On July 20, 2010, the patient was operated on. A total midline laparotomy was performed. The peritoneum is smooth, shiny; no ascites. Most of the abdominal cavity is occupied by a huge cystic tumor with a whitish dense capsule, which is located anterior to the intestine. The tumor was easily removed from the abdominal cavity (Fig. 4, a).

Figure 4. Intraoperative picture. a — the tumor comes from the lesser curvature of the stomach. 1 - tumor, 2 - stomach spread out on the tumor.

There are no fusions with adjacent organs. During the audit it was found that the liver was of normal color and size, no metastases were detected. There is a stone in the gall bladder measuring 5x2 cm, there is no inflammation of the bladder. The loops of the small intestine and colon are not changed. The tumor originates from the lesser curvature of the lower third of the stomach. The duodenum is spread out along the right contour of the tumor; there is no invasion into the intestine or pancreas. The lymph nodes along the vessels of the celiac trunk are not enlarged. The uterus and its appendages are not changed. The situation corresponds to a giant GIST originating from the distal part of the stomach, cholelithiasis. The stomach and tumor were mobilized. A subtotal distal resection of the stomach was performed with immersion of the duodenal stump into a purse-string suture, suturing of the lesser curvature with UO-60 and peritonization with interrupted sutures. Gastroenteroanastomosis end to end in one row of sutures on a Py-loop formed from the jejunum (Py-loop length 60 cm). Cholecystectomy with ligation of the cystic duct and artery. The operation was completed by drainage of the subhepatic space.

Morphological examination: tumor with a diameter of 33 cm, weighing 5250 g (Fig. 4, b).

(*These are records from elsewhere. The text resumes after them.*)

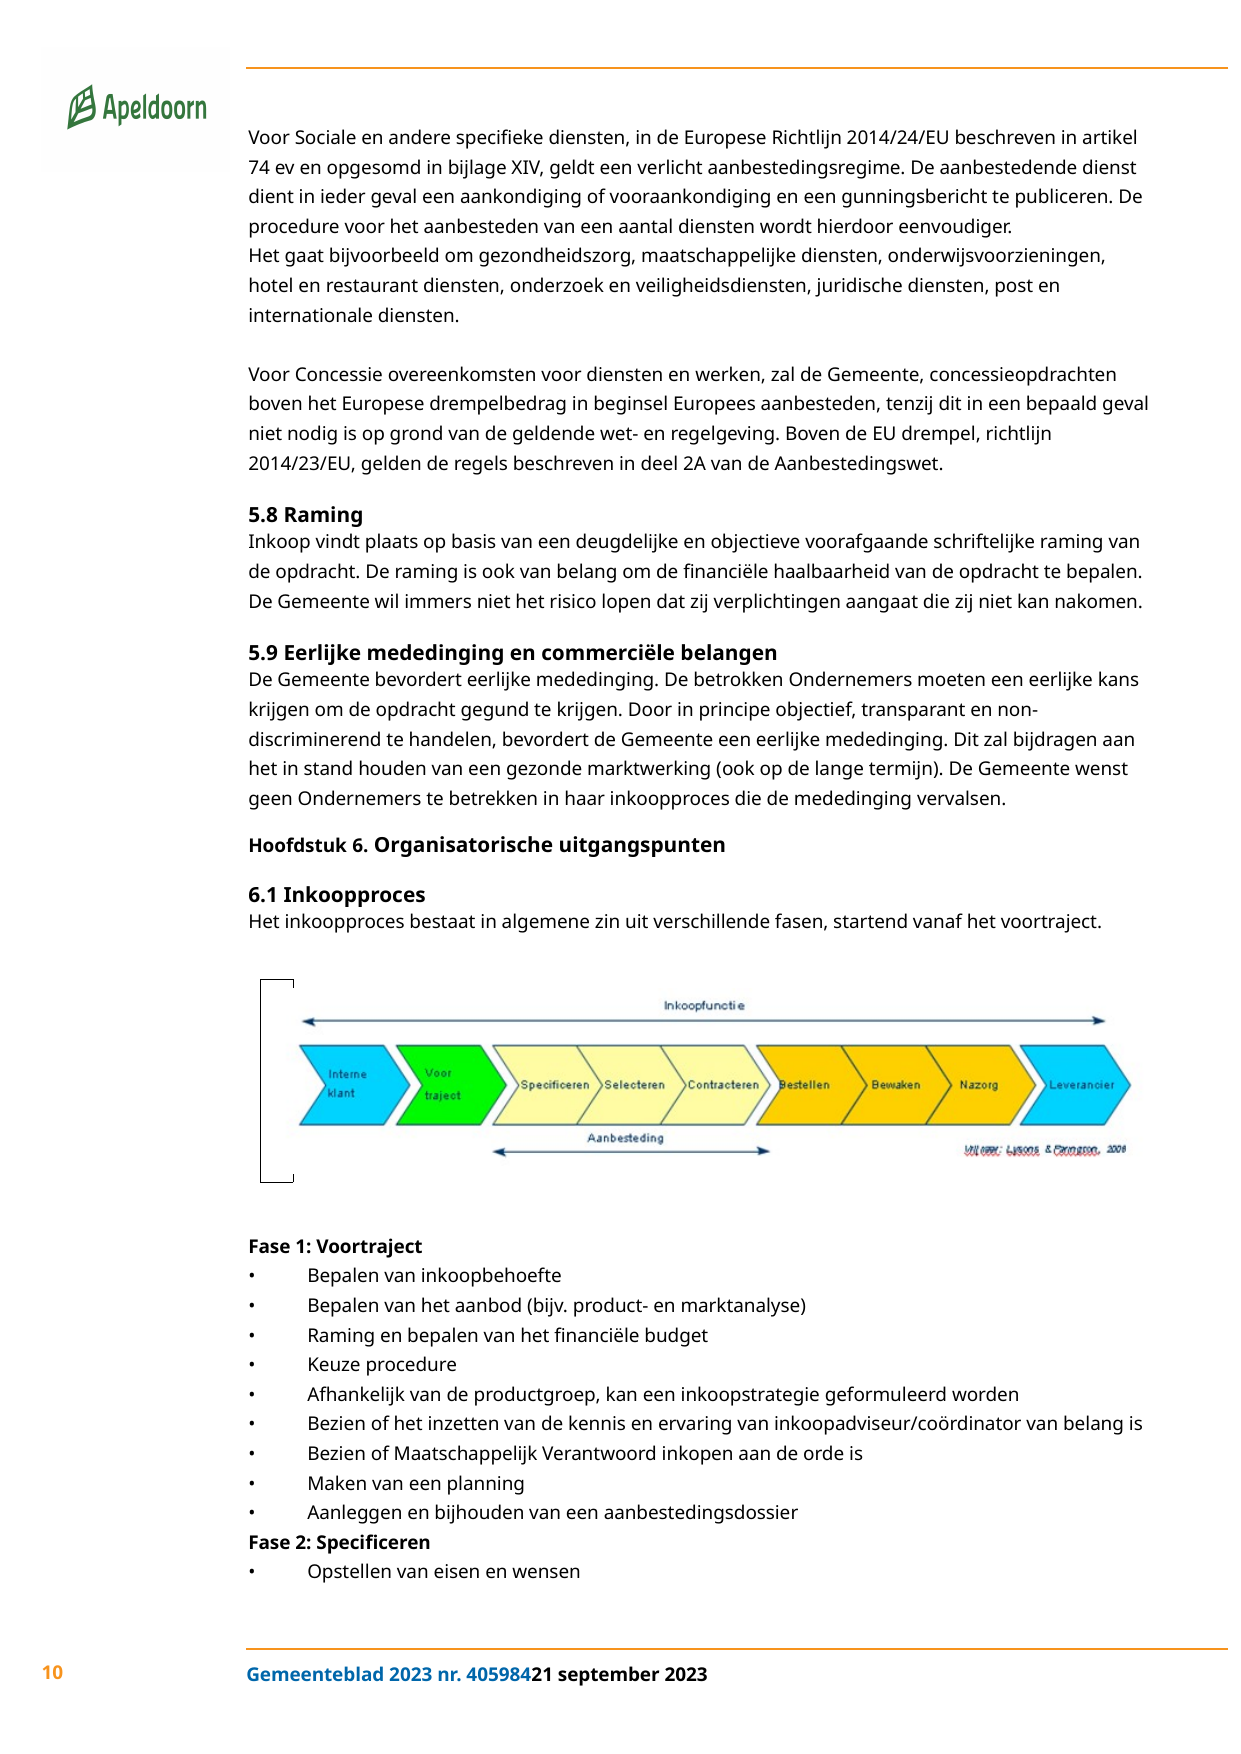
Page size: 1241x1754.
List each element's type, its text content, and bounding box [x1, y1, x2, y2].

list Bezien of Maatschappelijk Verantwoord inkopen aan de orde is [248, 1440, 1152, 1466]
text Fase 1: Voortraject [248, 1233, 1152, 1259]
text 5.8 Raming [248, 500, 1152, 529]
list Bezien of het inzetten van de kennis en ervaring van inkoopadviseur/coördinator van belang is [248, 1411, 1152, 1436]
text Inkoop vindt plaats op basis van een deugdelijke en objectieve voorafgaande schriftelijke raming van de opdracht. De raming is ook van belang om de financiële haalbaarheid van de opdracht te bepalen. De Gemeente wil immers niet het risico lopen dat zij verplichtingen aangaat die zij niet kan nakomen. [248, 529, 1152, 613]
list Afhankelijk van de productgroep, kan een inkoopstrategie geformuleerd worden [248, 1381, 1152, 1407]
text Het inkoopproces bestaat in algemene zin uit verschillende fasen, startend vanaf het voortraject. [248, 908, 1152, 934]
list Aanleggen en bijhouden van een aanbestedingsdossier [248, 1499, 1152, 1525]
list Bepalen van het aanbod (bijv. product- en marktanalyse) [248, 1292, 1152, 1318]
picture [41, 47, 231, 172]
list Bepalen van inkoopbehoefte [248, 1263, 1152, 1288]
text Voor Sociale en andere specifieke diensten, in de Europese Richtlijn 2014/24/EU beschreven in artikel 74 ev en opgesomd in bijlage XIV, geldt een verlicht aanbestedingsregime. De aanbestedende dienst dient in ieder geval een aankondiging of vooraankondiging en een gunningsbericht te publiceren. De procedure voor het aanbesteden van een aantal diensten wordt hierdoor eenvoudiger. [248, 124, 1152, 239]
text Voor Concessie overeenkomsten voor diensten en werken, zal de Gemeente, concessieopdrachten boven het Europese drempelbedrag in beginsel Europees aanbesteden, tenzij dit in een bepaald geval niet nodig is op grond van de geldende wet- en regelgeving. Boven de EU drempel, richtlijn 2014/23/EU, gelden de regels beschreven in deel 2A van de Aanbestedingswet. [248, 361, 1152, 476]
list Raming en bepalen van het financiële budget [248, 1322, 1152, 1347]
text 6.1 Inkoopproces [248, 880, 1152, 908]
list Maken van een planning [248, 1470, 1152, 1495]
text Hoofdstuk 6. Organisatorische uitgangspunten [248, 831, 1152, 859]
text De Gemeente bevordert eerlijke mededinging. De betrokken Ondernemers moeten een eerlijke kans krijgen om de opdracht gegund te krijgen. Door in principe objectief, transparant en non-discriminerend te handelen, bevordert de Gemeente een eerlijke mededinging. Dit zal bijdragen aan het in stand houden van een gezonde marktwerking (ook op de lange termijn). De Gemeente wenst geen Ondernemers te betrekken in haar inkoopproces die de mededinging vervalsen. [248, 667, 1152, 811]
text Fase 2: Specificeren [248, 1529, 1152, 1554]
picture [268, 988, 1155, 1174]
list Keuze procedure [248, 1351, 1152, 1377]
text Het gaat bijvoorbeeld om gezondheidszorg, maatschappelijke diensten, onderwijsvoorzieningen, hotel en restaurant diensten, onderzoek en veiligheidsdiensten, juridische diensten, post en internationale diensten. [248, 243, 1152, 328]
text 5.9 Eerlijke mededinging en commerciële belangen [248, 638, 1152, 667]
list Opstellen van eisen en wensen [248, 1558, 1152, 1584]

Figure 4. Intraoperative picture. b — macroscopic specimen of the removed tumor. Histological examination: spindle cell variant of GIST with an endophytic type of growth and tumor necrosis. An immunohistochemical study obtained the following results: CD117 (+++), CD34 (+++), smooth muscle actin (-), Ki-67 is 2%, mitoses are 2-3 in 50 fields of view. Polymerase chain reaction followed by sequencing revealed a mutation in the 11th exon of the KIT gene, which corresponds to the replacement of valine at position 559 with aspartic acid (V559D).

The postoperative period proceeded without complications. The patient was discharged from the hospital in satisfactory condition on the 10th day after surgery.

Discussion

Recently, a large number of works have been devoted to determining the prognosis of the course of the disease and treatment tactics for patients with GIST.

The prognosis of disease progression is based on the results of collective studies of more than 1000 patients treated in clinics in Poland [19], Taiwan [11], Japan [22], and the Mayo Clinic [9]. The main prognostic factors are: tumor size more than 10 cm; non-radical removal of the tumor, especially with damage to the integrity of the capsule; number of mitoses; KIT mutations; proliferation index; presence of nuclear polymorphism; tumor necrosis, involvement and ulceration of the gastrointestinal mucosa; germination of the serous membrane. Several schemes have been proposed for stratifying the risk of GIST recurrence, the most popular of which is the scheme proposed by H. Joensuu [12] (see table).

The results of large multicenter studies conducted in Sweden [18] and Modena [17] and at the US Armed Forces Institute of Pathology [16,15] have been published. However, today there is a limited amount of data on the criteria for determining the treatment algorithm for giant GISTs. A number of studies have been published showing the effectiveness of neoadjuvant targeted therapy. How important this is for patients in whom removal of giant GISTs is feasible remains unclear.

We believe that treatment of giant GISTs should begin with surgical removal of the tumor (unless this is associated with an unreasonably high perioperative risk) followed by targeted therapy with Gleevec. For locally advanced GISTs with invasion of great vessels and surrounding organs, it is advisable to consider neoadjuvant therapy.